- Born: August 3, 1946 (age 80)
- Education: Buenos Aires University
- Scientific career
- Workplaces: University of Arizona CONICET
- Thesis: Benzoilación de aldonamidas y aldonolactonas : Reacciones de eliminación-Beta y de alcohólisis de O-Benzoil-aldonolactonas (1974)

= Marta Irene Litter =

Latin American chemist

Marta Irene Litter (born 3 August 1946) is Latin American chemist who is a professor at National University of General San Martín and the CONICET of Argentina. She is a member of The World Academy of Sciences and the Latin American Academy of Sciences.

== Early life and education ==
Litter was an undergraduate and graduate student in Buenos Aires. She moved to the University of Arizona as a postdoctoral researcher in 1983.

== Research and career ==
Litter studies the presence and transformation of chemical species in environmental matrices, such as water, air and soil. These include the presence of arsenic in waters in Latin America, which is known to cause damage to human health. It is estimated that over 14 million people in Latin America are at risk of high concentrations of arsenic, which can give rise to skin disorders. She makes use of thermal and photochemical analytical and removal techniques. She has concentrated her research on the development of heterogenous photocalaysis. These catalysts can be used to convert ionic species to metallic solids, which allows them to be deposited across the surface of a semiconductor and permits them to be converted into a less toxic form. Three distinct mechanisms can be involved with the photocatalytic removal of metal ions from water, the reduction of photogenerated electrons, indirect reduction by intermediates and oxidative removal.

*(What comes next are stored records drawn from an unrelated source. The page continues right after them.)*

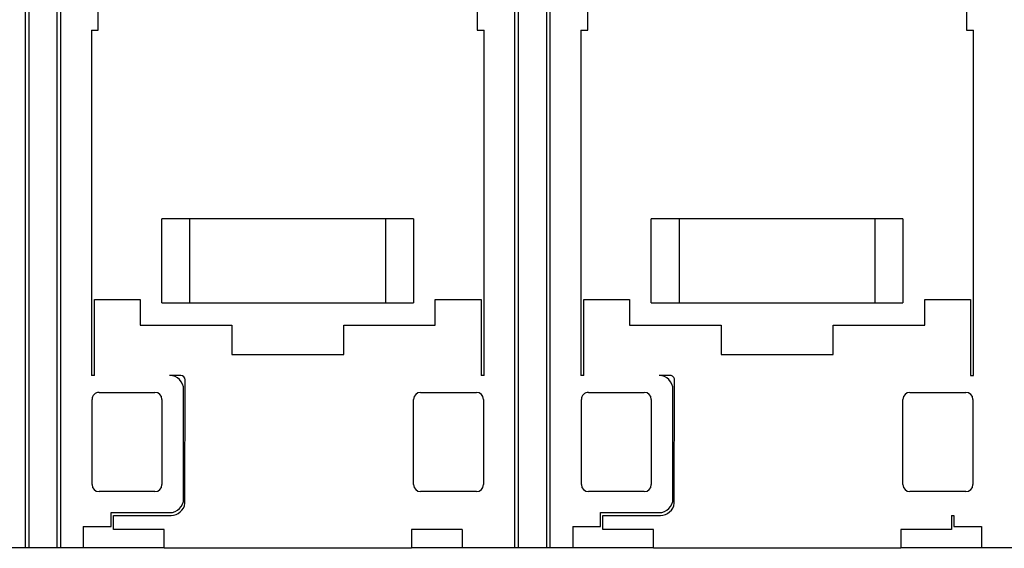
# Model space of a CAD drawing. Header units: millimetres. Extents: x 48 to 370, y 239 to 340.
# Tile 3 of 7: x 172 to 243, y 266 to 303. Entities that reach past the tile are written whole.
import ezdxf

# ---------------------------------------------------------------- set-up
doc = ezdxf.new("R2010")
doc.units = ezdxf.units.MM
doc.header["$LTSCALE"] = 37.523973
doc.layers.get('0').update_dxf_attribs({"linetype": 'CONTINUOUS'})

msp = doc.modelspace()

# ---------------------------------------------------------------- linework, layer by layer
at = {"color": 7}
for p, q in [((172.9, 265.61), (172.9, 318.41)), ((175.4, 318.41), (175.4, 265.61)), ((207.9, 265.61), (207.9, 318.41)), ((210.4, 318.41), (210.4, 265.61)), ((173.156, 265.61), (173.156, 316.36)), ((175.144, 316.36), (175.144, 265.61)), ((208.156, 265.61), (208.156, 316.36)), ((210.144, 316.36), (210.144, 265.61)), ((178.1, 302.61), (178.1, 312.39)), ((205.2, 312.39), (205.2, 302.61)), ((213.1, 302.61), (213.1, 312.39)), ((240.2, 312.39), (240.2, 302.61)), ((177.6, 302.61), (177.6, 277.91)), ((177.6, 302.61), (178.1, 302.61)), ((205.2, 302.61), (205.7, 302.61)), ((205.7, 277.91), (205.7, 302.61)), ((212.6, 302.61), (212.6, 277.91)), ((212.6, 302.61), (213.1, 302.61)), ((240.2, 302.61), (240.7, 302.61)), ((240.7, 277.91), (240.7, 302.61)), ((182.65, 283.11), (182.65, 289.11)), ((200.65, 289.11), (182.65, 289.11)), ((184.641, 283.11), (184.641, 289.11)), ((198.659, 283.11), (198.659, 289.11)), ((200.65, 289.11), (200.65, 283.11)), ((235.65, 289.11), (217.65, 289.11)), ((217.65, 283.11), (217.65, 289.11)), ((219.65, 289.11), (219.65, 283.11)), ((233.65, 283.11), (233.65, 289.11)), ((235.65, 289.11), (235.65, 283.11)), ((177.825, 277.91), (177.825, 283.36)), ((177.825, 283.36), (181.1, 283.36)), ((181.1, 283.36), (181.1, 281.51)), ((182.65, 283.11), (200.65, 283.11)), ((202.2, 281.51), (202.2, 283.36)), ((202.2, 283.36), (205.475, 283.36)), ((205.475, 283.36), (205.475, 277.91)), ((212.825, 283.36), (216.1, 283.36)), ((212.825, 277.91), (212.825, 283.36)), ((216.1, 283.36), (216.1, 281.51)), ((217.65, 283.11), (235.65, 283.11)), ((237.2, 283.36), (240.475, 283.36)), ((237.2, 281.51), (237.2, 283.36)), ((240.475, 283.36), (240.475, 277.91)), ((181.1, 281.51), (187.65, 281.51)), ((187.65, 281.51), (187.65, 279.41)), ((195.65, 279.41), (195.65, 281.51)), ((195.65, 281.51), (202.2, 281.51)), ((216.1, 281.51), (222.65, 281.51)), ((222.65, 281.51), (222.65, 279.41)), ((230.65, 281.51), (237.2, 281.51)), ((230.65, 279.41), (230.65, 281.51)), ((187.65, 279.41), (195.65, 279.41)), ((222.65, 279.41), (230.65, 279.41)), ((177.825, 277.91), (177.6, 277.91)), ((184, 277.91), (183.2, 277.91)), ((184.295, 268.792), (184.3, 277.61)), ((205.7, 277.91), (205.475, 277.91)), ((212.825, 277.91), (212.6, 277.91)), ((219, 277.91), (218.2, 277.91)), ((219.292, 268.783), (219.302, 277.61)), ((240.475, 277.91), (240.7, 277.91)), ((184.2, 269.11), (184.2, 276.91)), ((219.2, 269.11), (219.2, 276.91)), ((177.65, 270.11), (177.65, 276.21)), ((178.15, 276.71), (182.15, 276.71)), ((182.65, 276.21), (182.65, 270.11)), ((200.65, 270.11), (200.65, 276.21)), ((201.15, 276.71), (205.15, 276.71)), ((205.65, 276.21), (205.65, 270.11)), ((212.65, 270.11), (212.65, 276.21)), ((213.15, 276.71), (217.15, 276.71)), ((217.65, 276.21), (217.65, 270.11)), ((235.65, 270.11), (235.65, 276.21)), ((236.15, 276.71), (240.15, 276.71)), ((240.65, 276.21), (240.65, 270.11)), ((182.15, 269.61), (178.15, 269.61)), ((205.15, 269.61), (201.15, 269.61)), ((217.15, 269.61), (213.15, 269.61)), ((240.15, 269.61), (236.15, 269.61)), ((179.025, 267.11), (179.025, 268.11)), ((179.025, 268.11), (183.2, 268.11)), ((179.175, 266.91), (179.175, 267.91)), ((179.175, 267.91), (183.3, 267.91)), ((214.025, 268.11), (218.2, 268.11)), ((214.025, 267.11), (214.025, 268.11)), ((214.175, 267.91), (218.3, 267.91)), ((214.175, 266.91), (214.175, 267.91)), ((239.125, 267.91), (239.275, 267.91)), ((239.125, 267.91), (239.125, 266.91)), ((239.275, 267.91), (239.275, 267.11)), ((177.025, 267.11), (177.025, 265.61)), ((177.025, 267.11), (179.025, 267.11)), ((182.8, 266.91), (179.175, 266.91)), ((182.8, 265.56), (182.8, 266.91)), ((204.125, 266.91), (200.5, 266.91)), ((200.5, 266.91), (200.5, 265.56)), ((204.125, 266.91), (204.125, 265.61)), ((212.025, 267.11), (214.025, 267.11)), ((212.025, 267.11), (212.025, 265.61)), ((217.8, 266.91), (214.175, 266.91)), ((217.8, 265.56), (217.8, 266.91)), ((239.125, 266.91), (235.5, 266.91)), ((235.5, 266.91), (235.5, 265.56)), ((239.275, 267.11), (241.275, 267.11)), ((241.275, 267.11), (241.275, 265.61)), ((49.447, 265.61), (182.8, 265.61)), ((200.5, 265.56), (182.8, 265.56)), ((200.5, 265.61), (217.8, 265.61)), ((235.5, 265.56), (217.8, 265.56)), ((235.5, 265.61), (247.025, 265.61))]:
    msp.add_line(p, q, dxfattribs=at)
for centre, radius, start, end in [((183.2, 276.91), 1, 0, 90), ((184, 277.61), 0.3, 0, 90), ((218.2, 276.91), 1, 0, 90), ((219.002, 277.61), 0.3, 359.99987, 90.37827), ((182.15, 276.21), 0.5, 0, 90), ((201.15, 276.21), 0.5, 90, 180), ((217.15, 276.21), 0.5, 0, 90), ((236.15, 276.21), 0.5, 90, 180), ((182.15, 270.11), 0.5, 270, 360), ((201.15, 270.11), 0.5, 180, 270), ((217.15, 270.11), 0.5, 270, 360), ((236.15, 270.11), 0.5, 180, 270), ((183.2, 269.11), 1, 270, 360), ((218.2, 269.11), 1, 270, 360), ((183.3, 268.91), 1, 270, 352.73059), ((218.3, 268.91), 1, 270, 352.71126)]:
    msp.add_arc(centre, radius, start, end, dxfattribs=at)
for centre, start_param, end_param in [((178.15, 276.21), 1.570796, 3.141593), ((205.15, 276.21), 0, 1.570796), ((213.15, 276.21), 1.570796, 3.141593), ((240.15, 276.21), 0, 1.570796), ((178.15, 270.11), 3.141593, 4.712389), ((205.15, 270.11), -1.570796, 0), ((213.15, 270.11), 3.141593, 4.712389), ((240.15, 270.11), -1.570796, 0)]:
    msp.add_ellipse(centre, major_axis=(0.5, 0), ratio=0.999391, start_param=start_param, end_param=end_param, dxfattribs=at)

doc.saveas('drawing.dxf')

Litter was appointed to The World Academy of Sciences in 2019 and the Latin American Academy of Sciences in 2020. In 2021, Litter was made the inaugural 'Academic Leader' award winner of the Latin American Women in Chemistry Awards. Later that year she was awarded the Eduardo Charreau Award. In 2023 she was granted the Platinum Konex Award as the most important chemist in Argentina.

== Selected publications ==
- Litter, M (1999). "Heterogeneous photocatalysis Transition metal ions in photocatalytic systems"
- Litter, M.I. (1996). "Photocatalytic properties of iron-doped titania semiconductors"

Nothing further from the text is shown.